Schoolkids in villages fare poorly in reading Punjabi
Only 34% students of Class III at Punjab Government schools in rural areas can read a Class II-level text, reveals the Annual Status of Education Report (ASER)-2024 for Rural India.
However, government schools have performed better than private ones when it comes to reading ability and solving the arithmetic problems.
Shockingly, over 15% of the Class III students, both of government and private schools, can just read alphabets in Gurmukhi script but not words, and 4.6% students couldn’t even read Punjabi letters.

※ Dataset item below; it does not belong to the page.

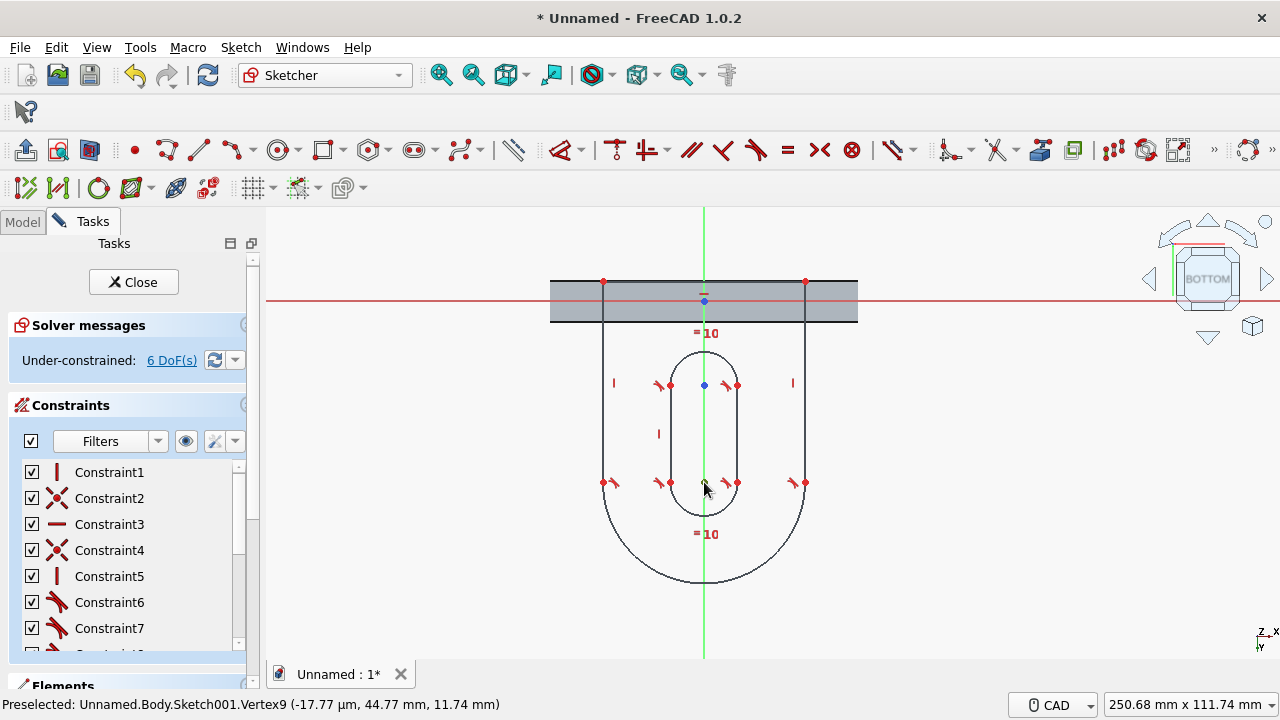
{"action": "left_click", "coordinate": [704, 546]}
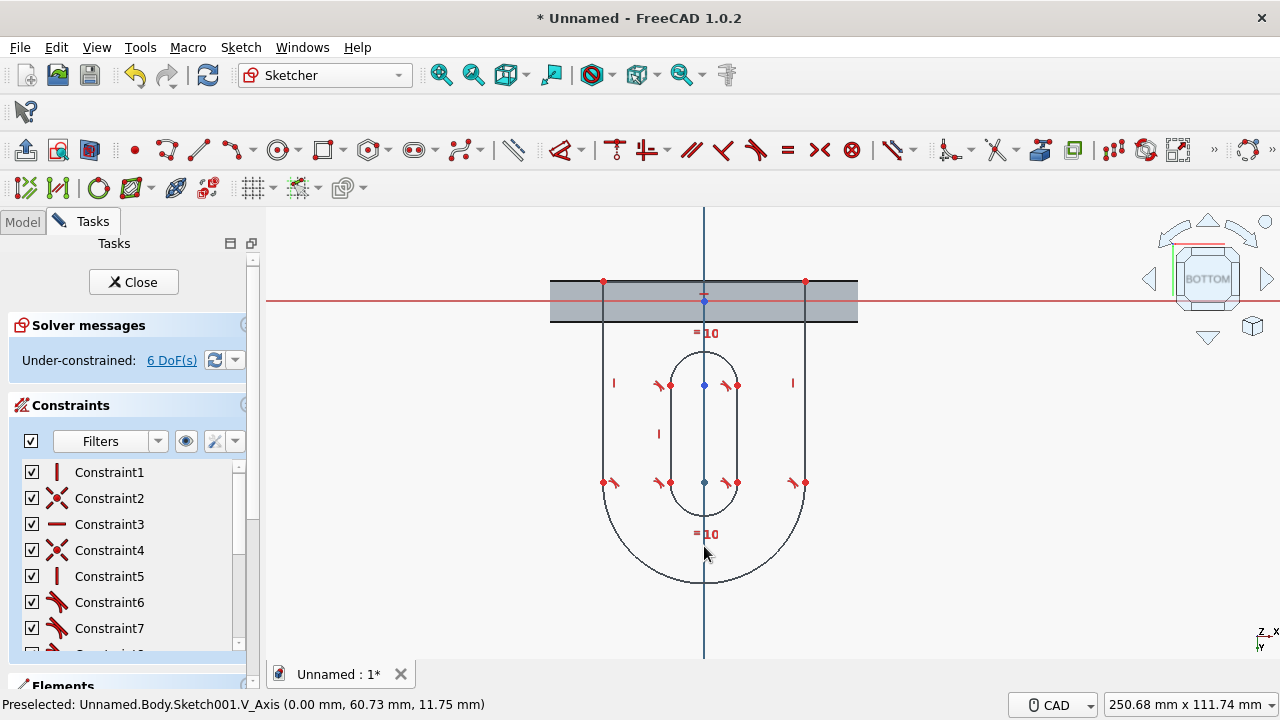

Punjab betters national average on infra front
- Mid-Day meal was served in 97.4% of the schools, compared with the national figure of 91.9%
- 2.8% of the schools surveyed had no library compared with the national figure of 17.5%
- 81.2% had useable toilets against the national average of 79%
- 77% of the schools have separate usable toilets for girls against the national average of 72%
- 31.7% students use computers against national average of 11.1%
The survey on learning levels of children in rural Punjab revealed that 28% per cent of Class III students can read Class I-level text while only 34% of them were able to read Class II-level text.
The zonal manager for ASER in Punjab, Prabhsimran Singh said 600 villages, 11,967 households and 20,226 children in the age group of 3 to 16 were part of the rural survey. “Though there has been a significant improvement in solving arithmetic problems, the reading abilities still remain a cause for concern,” he said.
In terms of solving arithmetic problems, at least 51% of government schools could do subtraction. Since the 2022 survey, government schools have gained by 3.4% in terms of reading ability when compared with private schools, who have seen a drop of 0.9% per cent.
Only 40.3% students in private schools were able to read properly against 41.2% since 2022.